**What the task requires:**
Look through the listing below, find every line with the string "flag", and copy it.

**Material for this exercise:**
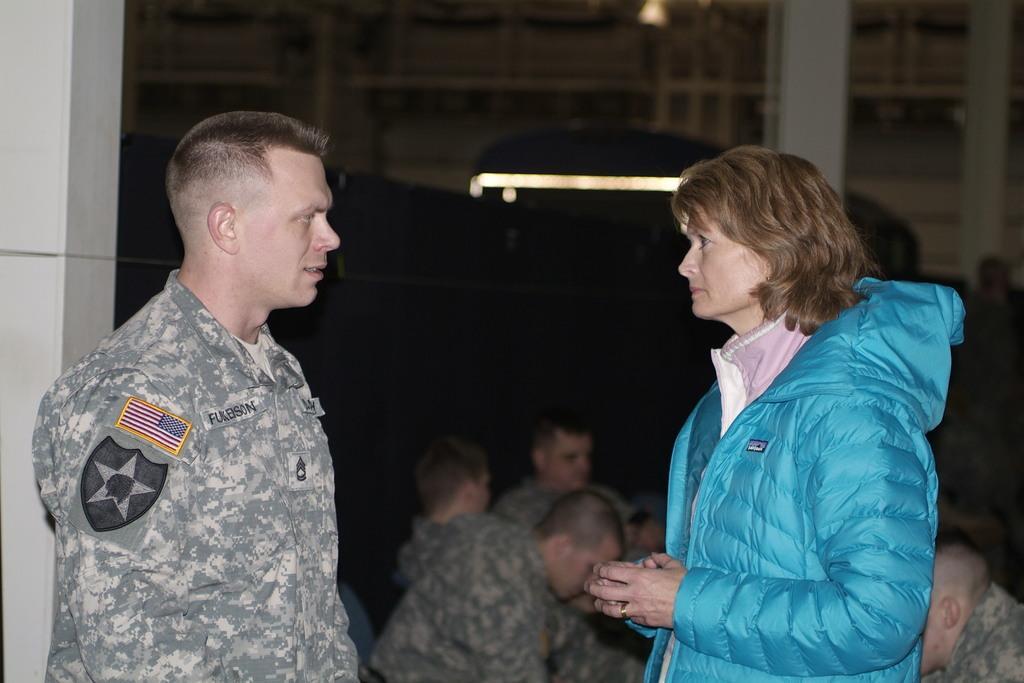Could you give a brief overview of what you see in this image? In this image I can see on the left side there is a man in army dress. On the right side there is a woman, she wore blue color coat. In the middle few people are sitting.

--

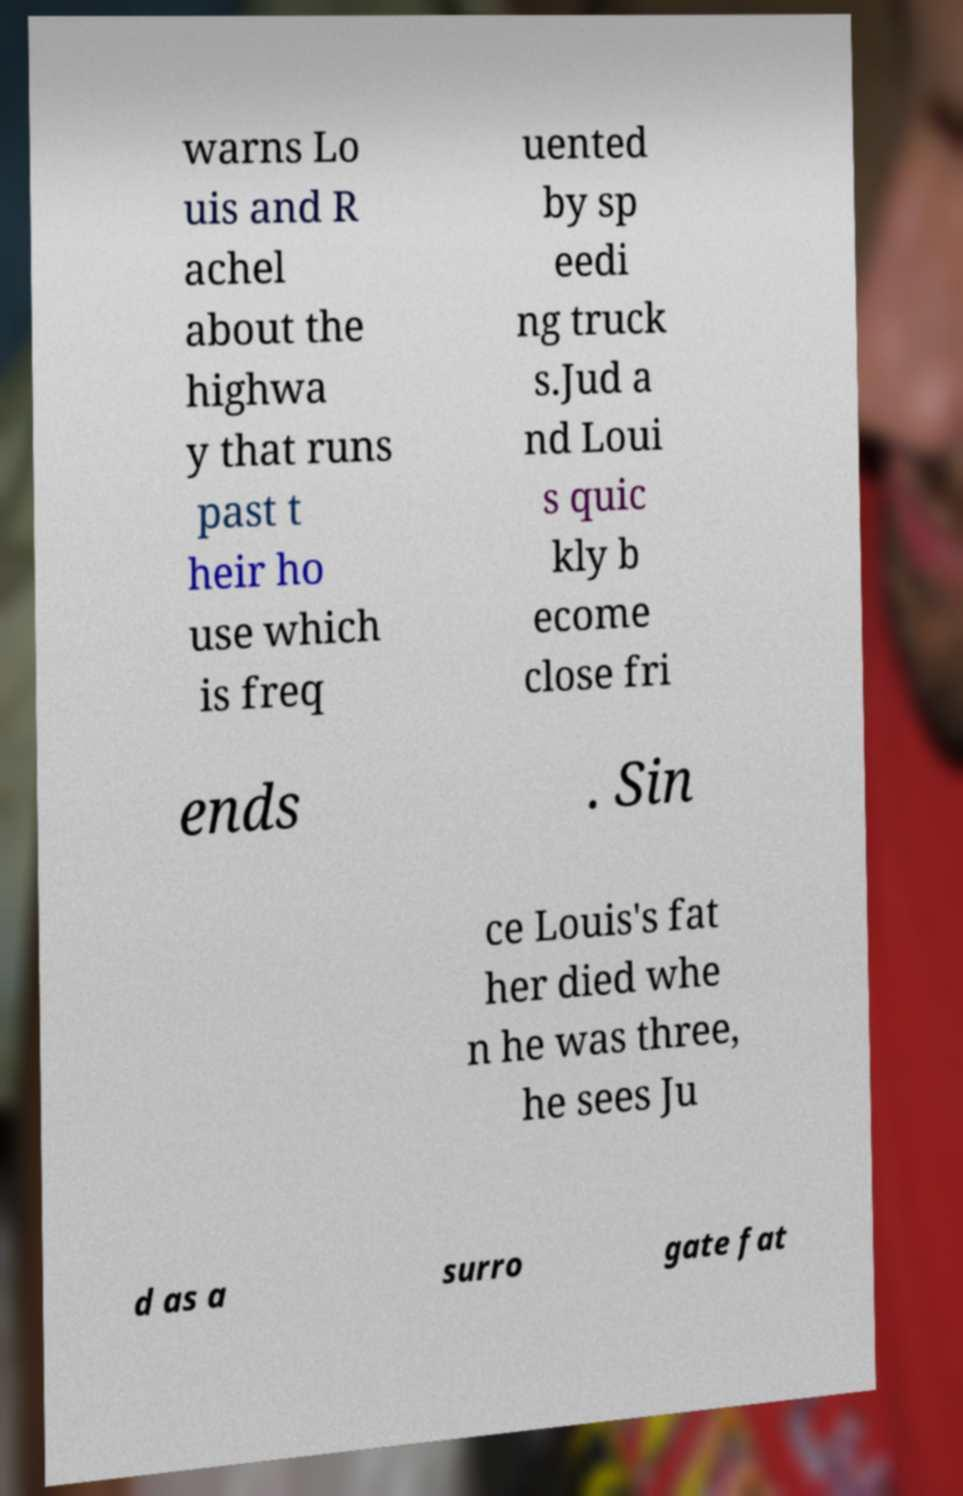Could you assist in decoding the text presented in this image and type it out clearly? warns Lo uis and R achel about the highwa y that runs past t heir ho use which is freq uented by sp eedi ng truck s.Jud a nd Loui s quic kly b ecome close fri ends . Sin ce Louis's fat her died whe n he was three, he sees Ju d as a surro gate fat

* * *

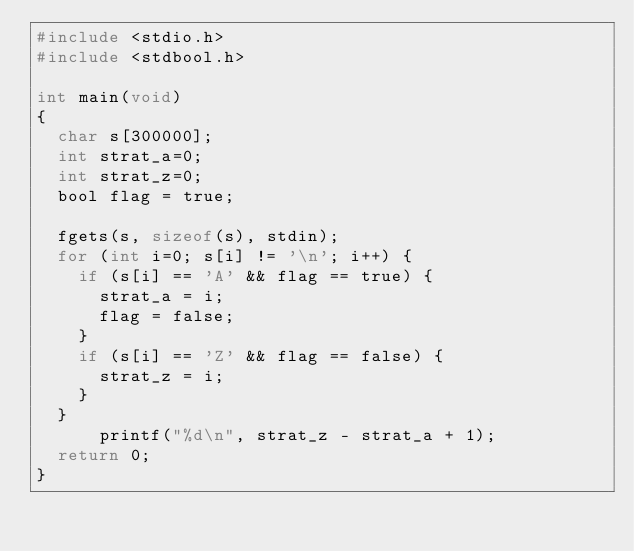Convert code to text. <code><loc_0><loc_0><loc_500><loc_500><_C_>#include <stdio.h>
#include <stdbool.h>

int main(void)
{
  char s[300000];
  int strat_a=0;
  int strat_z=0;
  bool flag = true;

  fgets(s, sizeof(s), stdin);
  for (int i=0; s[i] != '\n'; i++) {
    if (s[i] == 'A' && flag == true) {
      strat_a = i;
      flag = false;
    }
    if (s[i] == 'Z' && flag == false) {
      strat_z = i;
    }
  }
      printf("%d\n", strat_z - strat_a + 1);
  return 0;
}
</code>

**Answer section:**
  bool flag = true;
    if (s[i] == 'A' && flag == true) {
      flag = false;
    if (s[i] == 'Z' && flag == false) {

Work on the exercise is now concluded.